FCC unveils updated reforms for business internet connections
The Federal Communications Commission (FCC) on Friday proposed new rules that would bring reforms to a lucrative market for broadband connections used by some of the country’s biggest businesses.
The rules concern the so-called special access market for dedicated, high-capacity broadband connections. Such a connection might be used to link an ATM to a bank’s network or to bring broadband to a cell tower.
{mosads}It’s an obscure but lucrative field where some companies have long complained that major players dominate the market and abuse their market power.
“This is about consumers,” FCC Chairman Tom Wheeler said earlier this year when the commission voted to formally consider his proposal, which has been modified. “This is about winning the 5G future.”
Under the rules, the FCC would regulate the prices for special access connections that use legacy technology.

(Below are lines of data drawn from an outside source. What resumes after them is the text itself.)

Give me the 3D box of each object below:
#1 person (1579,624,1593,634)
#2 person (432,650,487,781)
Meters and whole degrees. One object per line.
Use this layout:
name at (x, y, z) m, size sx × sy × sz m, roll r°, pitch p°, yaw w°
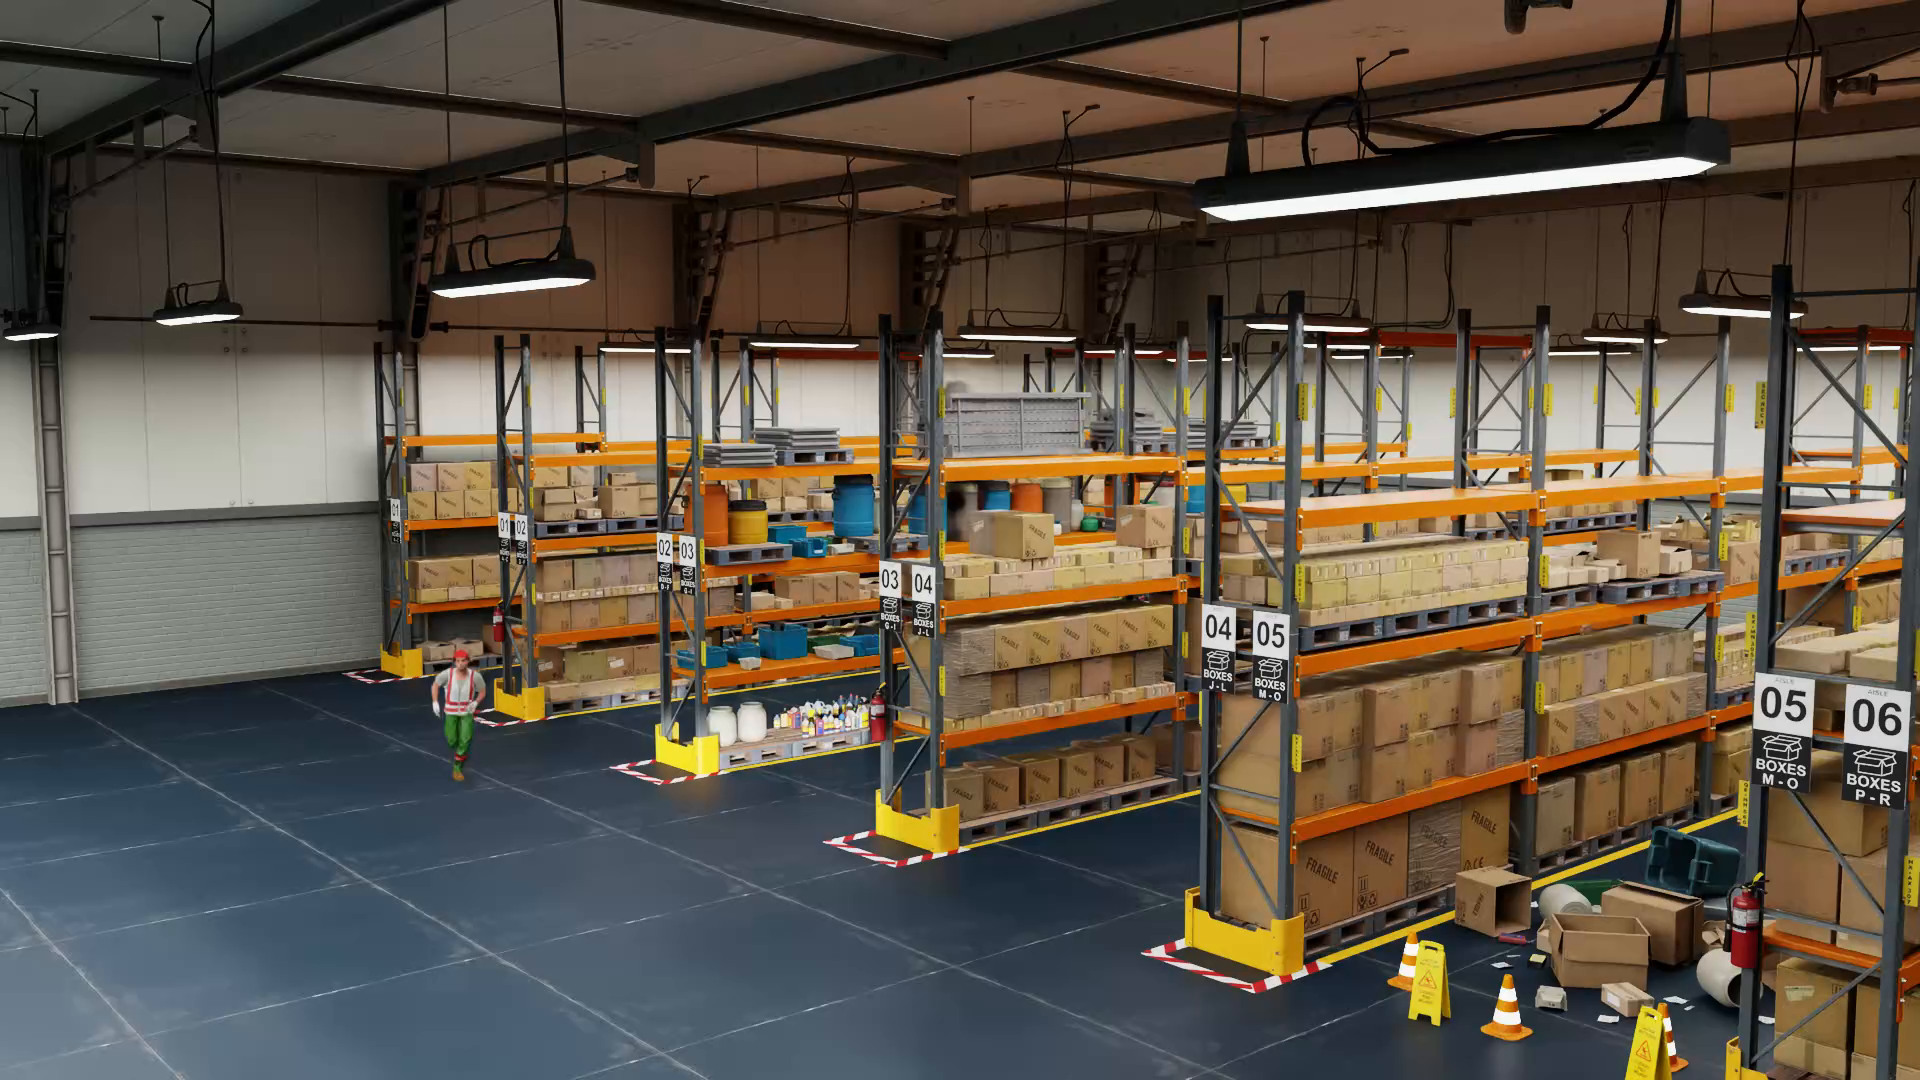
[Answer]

In general, these legacy technologies are slower than the more modern Ethernet systems but still account for a substantial portion of the revenue generated in the market, according to a senior FCC official.
Ethernet connections will not be regulated in the same way. Instead, there will be a complaint process if the public feels that there are abuses in the market for those connections.
The senior official said the commission had determined that there was enough competition in the market for Ethernet connections that it did not need to implement strict price regulation over those deals.
Industry groups said they were glad to see the FCC has not put price caps on Ethernet but expressed dismay over the price caps on legacy services.
“Chairman Wheeler’s draft order appropriately recognizes that companies are investing and competing in BDS, and that price regulation of packet-based IP technologies is both unwarranted and unwise,” said Walter McCormick, president of the trade group USTelecom, in a statement.
“We are concerned, however, that the order appears to apply indiscriminate price regulation to legacy TDM services without regard to the state of competition in the local market, or economic factors such as company size, demographics, and geography of the service area.”
There are others who may think the FCC has not gone far enough. Some public interest advocates earlier this week said in a letter to Wheeler and other commissioners that they should impose rate regulation on Ethernet service as well.
The draft proposal has been circulated to all members of the commission. But officials there have yet to decide when to bring it up for a vote — but they could do so as early as late October.